Quantitative, Translational, and ADME Sciences, Abbvie Inc., North Chicago, Illinois.
Quantitative, Translational, and ADME Sciences, Abbvie Inc., North Chicago, Illinois
Drug Metab Dispos. 2024 Sep 16;52(10):1048-1059. doi: 10.1124/dmd.124.001768.

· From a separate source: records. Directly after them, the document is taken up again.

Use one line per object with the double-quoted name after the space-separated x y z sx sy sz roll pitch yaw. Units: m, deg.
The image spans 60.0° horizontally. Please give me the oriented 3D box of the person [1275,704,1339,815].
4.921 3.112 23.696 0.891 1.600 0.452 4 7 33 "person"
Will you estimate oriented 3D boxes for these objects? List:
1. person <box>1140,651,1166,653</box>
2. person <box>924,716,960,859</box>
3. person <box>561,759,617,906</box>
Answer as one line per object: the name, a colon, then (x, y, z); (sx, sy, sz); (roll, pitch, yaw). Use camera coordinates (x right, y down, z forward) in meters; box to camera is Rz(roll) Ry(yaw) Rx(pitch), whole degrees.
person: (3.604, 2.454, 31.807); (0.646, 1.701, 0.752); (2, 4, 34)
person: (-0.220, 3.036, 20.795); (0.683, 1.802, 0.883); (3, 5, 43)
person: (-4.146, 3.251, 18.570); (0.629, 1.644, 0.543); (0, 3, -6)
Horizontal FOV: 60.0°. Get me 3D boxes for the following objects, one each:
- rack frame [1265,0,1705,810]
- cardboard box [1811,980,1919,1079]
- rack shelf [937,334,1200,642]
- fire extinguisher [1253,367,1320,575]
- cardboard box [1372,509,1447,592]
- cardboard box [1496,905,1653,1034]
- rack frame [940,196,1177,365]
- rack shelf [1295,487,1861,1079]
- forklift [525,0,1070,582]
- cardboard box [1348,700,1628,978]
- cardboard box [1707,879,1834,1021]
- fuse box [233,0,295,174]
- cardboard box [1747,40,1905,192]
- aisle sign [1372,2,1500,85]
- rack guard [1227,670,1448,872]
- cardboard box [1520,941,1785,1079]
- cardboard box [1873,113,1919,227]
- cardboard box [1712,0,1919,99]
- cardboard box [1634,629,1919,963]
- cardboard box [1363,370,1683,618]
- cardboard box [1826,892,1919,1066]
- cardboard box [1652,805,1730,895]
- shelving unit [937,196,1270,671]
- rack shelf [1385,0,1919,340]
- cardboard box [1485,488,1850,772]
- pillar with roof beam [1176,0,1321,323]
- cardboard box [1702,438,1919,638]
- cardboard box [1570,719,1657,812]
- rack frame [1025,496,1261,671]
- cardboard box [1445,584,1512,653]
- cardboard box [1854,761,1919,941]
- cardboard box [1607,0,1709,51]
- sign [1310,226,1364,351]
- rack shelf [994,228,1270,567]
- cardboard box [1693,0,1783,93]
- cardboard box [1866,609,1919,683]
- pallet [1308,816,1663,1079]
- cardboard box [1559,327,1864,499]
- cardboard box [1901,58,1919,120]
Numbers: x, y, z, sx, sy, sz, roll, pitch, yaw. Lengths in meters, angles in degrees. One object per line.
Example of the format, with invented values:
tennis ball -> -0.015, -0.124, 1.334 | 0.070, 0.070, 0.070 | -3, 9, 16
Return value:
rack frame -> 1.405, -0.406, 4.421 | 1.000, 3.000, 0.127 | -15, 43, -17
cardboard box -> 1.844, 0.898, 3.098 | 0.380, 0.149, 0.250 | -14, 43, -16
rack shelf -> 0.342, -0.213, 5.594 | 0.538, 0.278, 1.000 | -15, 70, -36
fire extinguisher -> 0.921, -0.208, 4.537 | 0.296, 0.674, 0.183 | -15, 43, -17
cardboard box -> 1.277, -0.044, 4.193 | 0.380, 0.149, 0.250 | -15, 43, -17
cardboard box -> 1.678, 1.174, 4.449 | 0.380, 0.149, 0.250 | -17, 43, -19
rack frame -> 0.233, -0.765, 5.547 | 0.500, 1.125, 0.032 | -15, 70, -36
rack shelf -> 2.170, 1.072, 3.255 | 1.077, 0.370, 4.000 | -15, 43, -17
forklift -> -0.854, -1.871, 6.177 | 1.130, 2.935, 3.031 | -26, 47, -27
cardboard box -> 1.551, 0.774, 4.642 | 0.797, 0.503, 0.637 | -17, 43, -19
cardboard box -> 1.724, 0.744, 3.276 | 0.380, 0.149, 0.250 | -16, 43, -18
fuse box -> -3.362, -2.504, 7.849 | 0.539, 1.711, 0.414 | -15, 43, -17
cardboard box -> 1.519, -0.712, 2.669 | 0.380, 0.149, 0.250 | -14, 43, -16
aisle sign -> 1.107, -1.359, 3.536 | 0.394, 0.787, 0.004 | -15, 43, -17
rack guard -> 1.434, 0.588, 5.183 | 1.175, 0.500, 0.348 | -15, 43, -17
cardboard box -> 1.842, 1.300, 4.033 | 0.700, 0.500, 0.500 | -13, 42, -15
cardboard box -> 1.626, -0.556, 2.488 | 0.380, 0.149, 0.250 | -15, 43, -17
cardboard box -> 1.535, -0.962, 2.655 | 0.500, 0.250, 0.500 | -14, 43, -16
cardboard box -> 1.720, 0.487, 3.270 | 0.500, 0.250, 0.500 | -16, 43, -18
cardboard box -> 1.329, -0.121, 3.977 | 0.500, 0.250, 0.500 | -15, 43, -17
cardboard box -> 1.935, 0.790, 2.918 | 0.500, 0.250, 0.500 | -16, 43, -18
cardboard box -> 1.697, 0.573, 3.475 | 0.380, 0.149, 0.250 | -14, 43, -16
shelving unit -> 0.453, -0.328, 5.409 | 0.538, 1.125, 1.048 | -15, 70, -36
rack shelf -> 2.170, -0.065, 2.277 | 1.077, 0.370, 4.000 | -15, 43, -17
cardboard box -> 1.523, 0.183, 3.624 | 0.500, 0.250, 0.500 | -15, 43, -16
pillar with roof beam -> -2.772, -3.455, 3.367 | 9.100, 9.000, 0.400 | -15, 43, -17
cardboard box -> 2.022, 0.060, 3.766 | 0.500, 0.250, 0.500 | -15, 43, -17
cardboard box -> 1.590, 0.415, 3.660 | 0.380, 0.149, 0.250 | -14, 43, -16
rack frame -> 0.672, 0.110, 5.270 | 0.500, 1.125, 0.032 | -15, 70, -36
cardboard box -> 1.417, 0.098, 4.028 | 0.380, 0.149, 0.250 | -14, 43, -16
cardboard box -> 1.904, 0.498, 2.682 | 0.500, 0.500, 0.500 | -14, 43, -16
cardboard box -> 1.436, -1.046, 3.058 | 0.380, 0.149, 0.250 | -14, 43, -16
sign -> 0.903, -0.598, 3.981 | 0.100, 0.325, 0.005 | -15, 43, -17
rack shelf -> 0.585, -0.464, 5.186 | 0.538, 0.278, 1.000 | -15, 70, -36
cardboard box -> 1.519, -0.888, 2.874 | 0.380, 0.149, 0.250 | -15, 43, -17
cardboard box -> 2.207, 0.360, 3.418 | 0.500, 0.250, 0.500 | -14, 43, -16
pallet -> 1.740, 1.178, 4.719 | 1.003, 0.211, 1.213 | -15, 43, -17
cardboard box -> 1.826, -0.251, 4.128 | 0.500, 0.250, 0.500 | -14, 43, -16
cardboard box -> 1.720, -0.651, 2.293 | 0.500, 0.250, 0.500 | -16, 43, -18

Hepatic clearance ( ) prediction is a critical parameter to estimate human dose. However, underpredictions are common, especially for slowly metabolized drugs, and may be attributable to drug properties that pose challenges for conventional in vitro absorption, distribution, metabolism, and elimination (ADME) assays, resulting in nonvalid data, which prevents in vitro to in vivo extrapolation and predictions. Other processes, including hepatocyte and biliary distribution via transporters, can also play significant roles in Recent advances in understanding the interplay of metabolism and drug transport for clearance processes have aided in developing the extended clearance model. In this study, we demonstrate proof of concept of a novel two-step assay enabling the measurement of multiple kinetic parameters from a single experiment in plated human primary hepatocytes with and without transporter and cytochrome P450 inhibitors-the hepatocyte uptake and loss assay (HUpLA). HUpLA accurately predicted the of eight of the nine drugs (within twofold of the observed ). Distribution clearances were within threefold of observed literature values in standard uptake and efflux assays. In comparison, the conventional suspension hepatocyte stability assay poorly predicted the The of only two drugs was predicted within twofold of the observed Therefore, HUpLA is advantageous by enabling the measurement of enzymatic and transport processes concurrently within the same system, alleviating the need for applying scaling factors independently. The use of primary human hepatocytes enables physiologically relevant exploration of transporter-enzyme interplay. Most importantly, HUpLA shows promise as a sensitive measure for low-turnover drugs. Further evaluation across different drug characteristics is needed to demonstrate method robustness. SIGNIFICANCE STATEMENT: The hepatocyte uptake and loss assay involves measuring four commonly derived in vitro hepatic clearance endpoints. Since endpoints are generated within a single test system, it blunts experimental error originating from assays otherwise conducted independently. A key advantage is the concept of removing drug-containing media following intracellular drug loading, enabling the measurement of drug reappearance rate in media as well as the measurement of loss of total drug in the test system unencumbered by background quantities of drug in media otherwise present in a conventional assay.
肝清除率()预测是估计人体剂量的关键参数。然而, 预测往往不足,尤其是对于代谢缓慢的药物,这可能归因于药物性质对传统的体外吸收、分布、代谢和消除(ADME)测定构成挑战,导致数据无效,从而无法进行体外到体内的外推和预测。其他过程,包括通过转运体的肝细胞和胆汁分布,也可以在 中发挥重要作用。最近在理解代谢和药物转运对清除过程的相互作用方面的进展,有助于开发扩展的清除模型。在这项研究中,我们证明了一种新的两步测定法的概念验证,该方法能够在单层培养的人原代肝细胞中从单次实验中测量多个动力学参数,同时使用和不使用转运体和细胞色素 P450 抑制剂——肝细胞摄取和损失测定法(HUpLA)。HUpLA 准确预测了九种药物中的八种药物的(与观察到的 相差两倍以内)。在标准摄取和流出测定中,分布清除率与文献值相差三倍以内。相比之下,传统的悬浮肝细胞稳定性测定法对 的预测较差。只有两种药物的 预测值与观察到的 相差两倍以内。因此,HUpLA 的优势在于能够在同一系统中同时测量酶和转运体过程,无需独立应用缩放因子。使用人原代肝细胞能够在生理相关的范围内探索转运体-酶相互作用。最重要的是,HUpLA 有望成为低周转率药物的敏感测量方法。需要进一步评估不同的药物特性,以证明方法的稳健性。 意义:肝细胞摄取和损失测定法涉及测量四个通常衍生的体外肝清除率终点。由于终点在单个测试系统中生成,因此它削弱了源自否则独立进行的测定的实验误差。一个关键优势是在细胞内药物加载后去除含药物的培养基的概念,这使得能够测量药物在培养基中的再出现率以及在测试系统中未受药物的总损失的测量,而无需考虑常规测定中否则存在的培养基中药物的背景量。